The shuttle Endeavour has arrived at the International Space Station today, two days after its long-delayed launch.
CBS News space analyst Bill Harwood reports that commander Mark Polansky guided the 120-ton orbiter to a gentle docking with the space station as the two spacecraft sailed 220 miles above northern Australia at five miles per second.
Running a few minutes ahead of schedule, the shuttle's docking system engaged its counterpart on the front end of the space station at 1:47 p.m. EDT.
"Houston, Endeavour, capture confirmed," an astronaut radioed as the mechanisms engaged.
After locking the two spacecraft together, the astronauts carried out leak checks to ensure a tight seal before opening hatches for a traditional "Welcome aboard" ceremony in the Harmony module. Hatch opening was planned for around 3 p.m.
The Endeavour crew is beginning a week-and-a-half-long stay, creating the biggest manned presence ever in orbit at the same time: 13 astronauts. The two crews will greet one another, face-to-face, as soon as the hatches between the craft are opened.

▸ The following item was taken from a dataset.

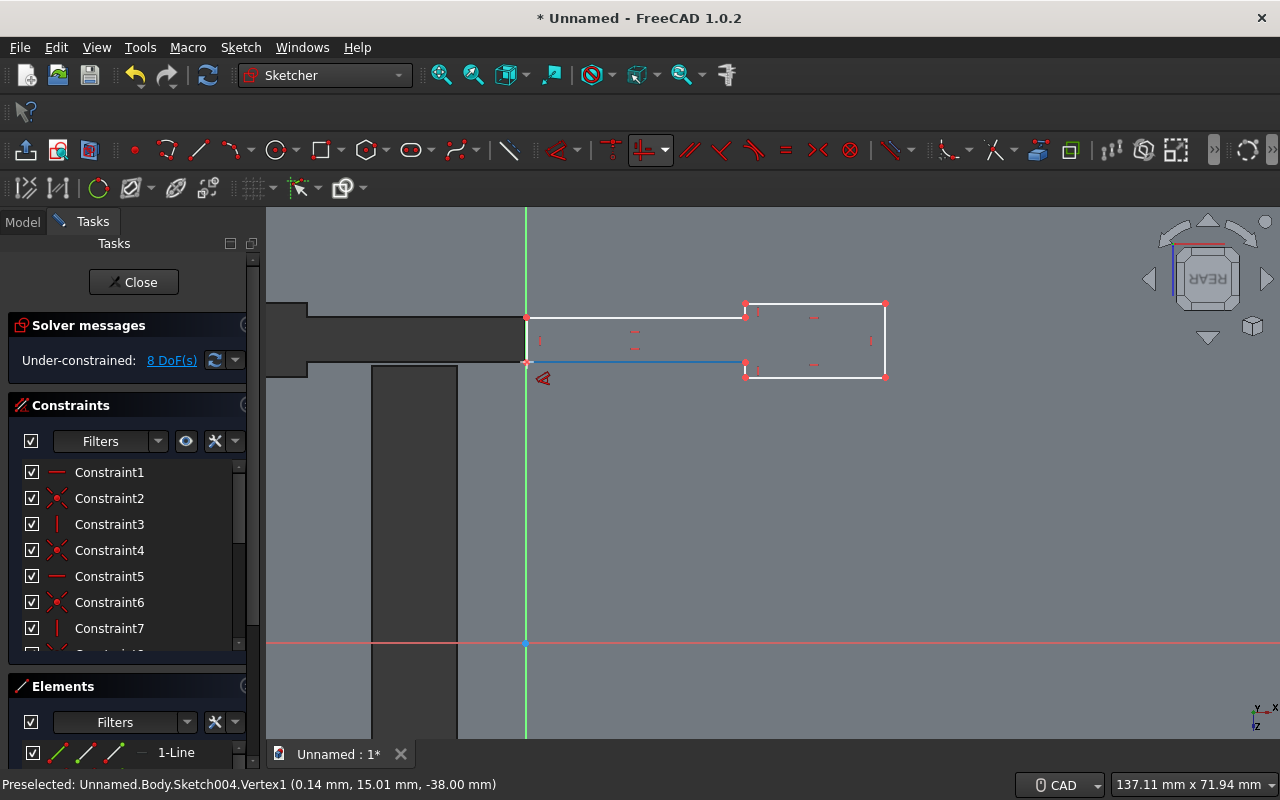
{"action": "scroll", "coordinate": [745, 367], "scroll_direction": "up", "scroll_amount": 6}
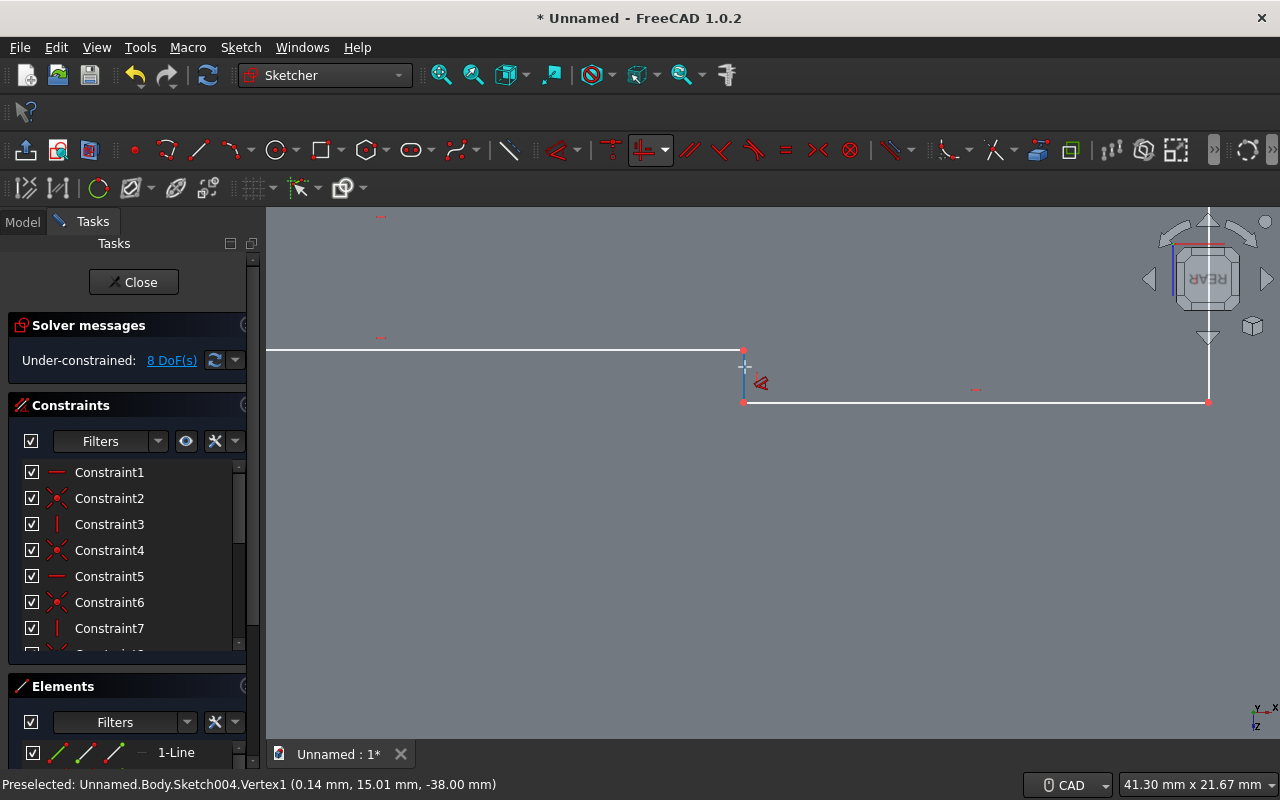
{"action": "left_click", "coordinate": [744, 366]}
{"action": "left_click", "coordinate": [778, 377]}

As with all post-Columbia station visits, Polansky preceded docking by positioning Endeavour 600 feet directly below the space station, guiding the shuttle through a slow back-flip to expose the orbiter's belly to the station crew.
During the shuttle's eight-minute rotation, the crew from the ISS, using digital cameras equipped with 400 mm and 800 mm telephoto lenses, took approximately 300 photographs of the shuttle's heat shield.
Engineers at the Johnson Space Center in Houston will analyze the photos to assess the state of the shuttle's protective tiles.
Endeavour's external tank lost an unusual amount of foam insulation from its central "intertank" region during launch Wednesday, creating debris that struck the shuttle in at least two areas. Engineers do not believe the damage is serious, but the inspection later today will determine if there are any other areas of interest.
Endeavour will remain at the space station for 1½ weeks.
Harwood reports that that shuttle is delivering the last piece of Japan's space station lab, called Kibo. The shuttle crew will install the experiment platform, as well as replace aging solar array batteries and transfer spare parts and supplies to the station.
Astronaut Tim Kopra will join the station crew after docking and Japanese astronaut Koichi Wakata will join Endeavour's crew for the trip back to Earth at the end of the mission.
Five spacewalks are planned, with the first on tap Saturday beginning at 11:58 a.m. ET.